Which is why I said there was no bitterness.


----------



## Dunkelbrau (7/12/13)

IBU is a measurement of bitterness, so technically, there is, it's just not from a "bitterness addition" ;-)


----------



## Ducatiboy stu (7/12/13)

Which most people miss understand.


----------



## Scottye (8/12/13)

I have put down three extract brews that have been bittered with Galaxy, all three where 20g at 40 mins in 10 litre boils. Late hopping was a combination of Galaxy and Cascade or just Galaxy. The results were OK, not overly sweet but certainly hop (aroma and taste) and malt dominated these brews. Anyway I decided, even though Galaxy is one of my favourite hops, that I will be using Magnum and Challenger for all future bittering additions.


----------



## Lord Raja Goomba I (8/12/13)

Guys, thread has been modded to stop this descending into a crap fight, posts deleted.

Stu, mate a more constructive approach would have been better. Something along the the lines of '30 minute additions offer less bitterness than a 60 minute addition, if you're chilling', rather than 'it has no bitterness' half a dozen times, especially considering you're in a 'less experienced' brewers' thread. 

It's been perceived as troll bait and that's a fair assumption.


----------



## Ducatiboy stu (8/12/13)

VonScott said:


> I have put down three extract brews that have been bittered with Galaxy, all three where 20g at 40 mins in 10 litre boils. Late hopping was a combination of Galaxy and Cascade or just Galaxy. The results were OK, not overly sweet but certainly hop (aroma and taste) and malt dominated these brews. Anyway I decided, even though Galaxy is one of my favourite hops, that I will be using Magnum and Challenger for all future bittering additions.

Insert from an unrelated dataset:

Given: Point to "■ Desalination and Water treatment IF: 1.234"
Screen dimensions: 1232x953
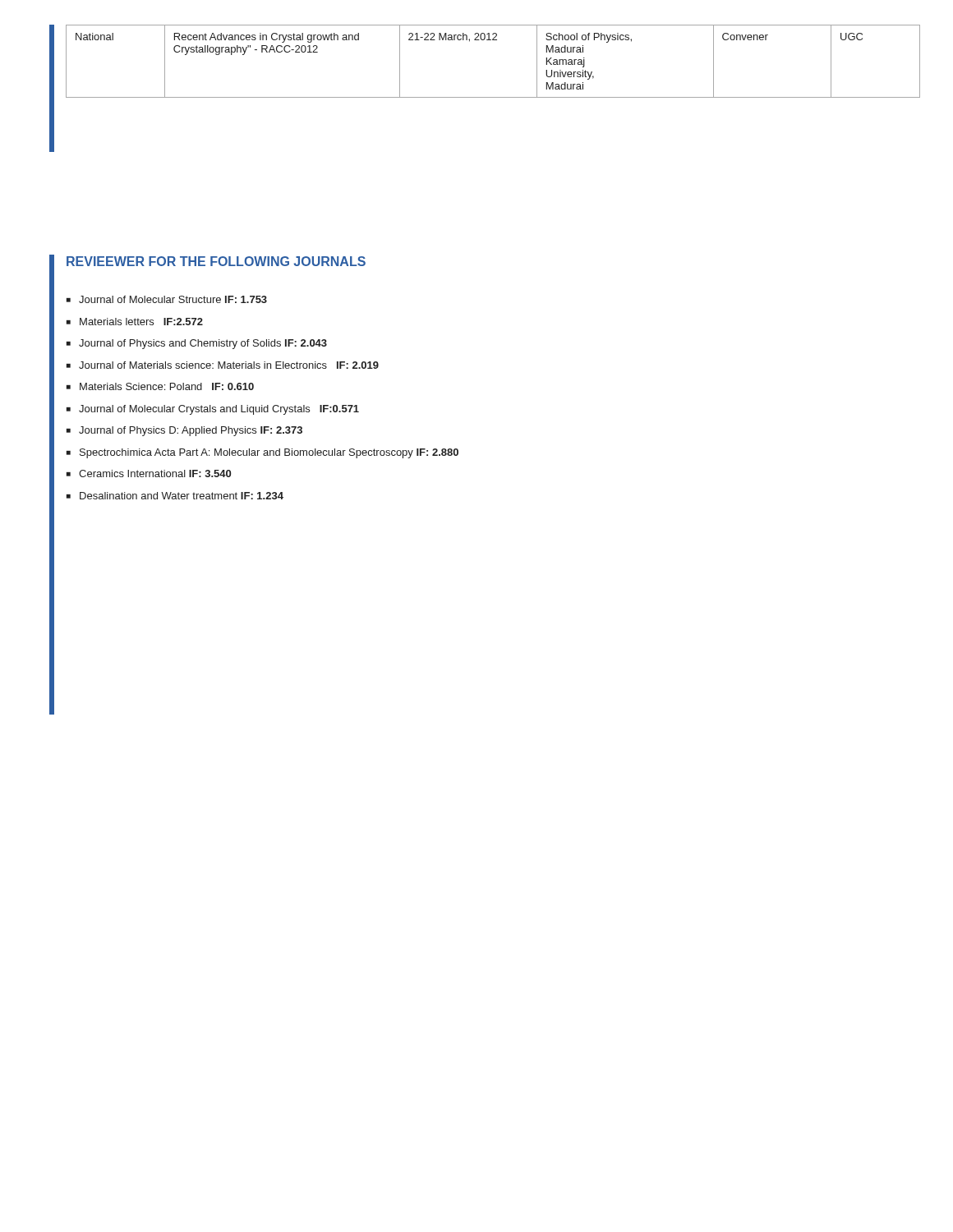Looking at the screenshot, I should 175,496.

Some hops bitter better than other, and some hops are better at aroma & flavour. POR is a great bittering hop, but not good for flav & aroma. The reason is "noble" hops make for better flav & aroma due to some of the following

Lower alpha acid content - less than 6%
Low myrcene oil content - less than 50% of total oils
Low cohumulone alpha acid content
Alpha acid:Beta acid ratio close to 1:1
Medium oil content - 0.5 - 1.5%
Some have a high humulene:caryophyllene ratio with values above 3:1 generally required for noble types.

A few examples of %

Hop. WOC 'Myrc Humul Caryoph Farne Other

Saaz .55 22.5, 42.5, 11.0, 13, 10
Tettnan .60 40.5 , 20.5, 6.5, 6.5, 25
Cascade 1.15 52.0, 13.0, 4.5, 6.0, 23
Fuggle 0.95 45.0, 23.0, 8.0, 4.5, 19
EKG 0.8 23.0, 45.0, 14.0, 0.5, 17
POR 1.5 37.5, 5.5, 7.5, 0.5, 48

WOC = whole oil content
Myrc = Myrcene
Humul = Humulene
Caryoph = Caryophyllene
Farn = Farnesene



Grrr......site dont allow formatting for tabs and spacing


----------



## Dread82 (10/12/13)

So ive downloaded Ianh's spread sheet and inputted all my data and sure enough its come out at 24.6ibu with the hop concentration factor on. Looks like its gonna be a mild beer.


----------



## unclebarrel (10/12/13)

Good work jumping on the spreadsheet dread.
I use it for every brew. IanH has done a great service for all kit and extract brewers !
The one time I brewed without it, (computer was a bit crook), I made a decent beer, but miscalculated it a bit.
I was aiming for a pale ale in the low 5's….I got just a tick over 6 % !! And around 50 IBU. Very nearly an IPA !
Actually drinking one right now !

I guess you can just hope beer at 24.6IBU tastes good hey !!!
Just knock em down and look forward to more bitterness in your next brews !


----------



## Dread82 (10/12/13)

Yeah it is mid/high thirties atm so will make any beer almost drinkable haha, ive got two more on the go already using others recipes.... ill leave my creativeness until I get my head round it a bit more. Just bottled a coopers beer of the month pack, the steam beer so see how that tastes in a week or two.


----------



## unclebarrel (10/12/13)

Good stuff man !
I hope you enjoy every minute.
Its a great hobby with even better rewards !



UB


----------



## Dread82 (30/12/13)

Drinking this now and quite enjoying it, nice amount of bitterness and nice hoppy finish, better grab another one as we have a cat 3 cyclone outside nothing else to do


----------



## Dread82 (30/12/13)

Pic


----------



## Scooby Tha Newbie (30/12/13)

Looks very nice. And mate it's hard to make a crook beer. They're like children. You love them when they are smelly dirty or just plain ugly. Either way it's a learning curve. Enjoy them bf they steal your car and run over the nabours cat.


----------



## Goose (31/12/13)

Nice on dread.

There's been some good head discussions lately and I am curious to see that pic taken 3 minutes later if you hadn't downed it by then


----------



## Dread82 (31/12/13)

I cheat a bit, the glass has cross hatch etch that maintains the head also makes the beer go flat quicker, not that it lasts long enough for that


----------



## Goose (31/12/13)

some work to do there fella, good try though this is always my objective:


----------



## Dread82 (31/12/13)

This is my third brew so yeah plenty to do haha, I'm just glad it's drinkable


----------



## Yob (31/12/13)

Dread82 said:


> Pic


what was 50 shades like?


----------



## stakka82 (31/12/13)

I always struggled to get decent/any lacing when I did extracts... went to AG and it's lace city every time.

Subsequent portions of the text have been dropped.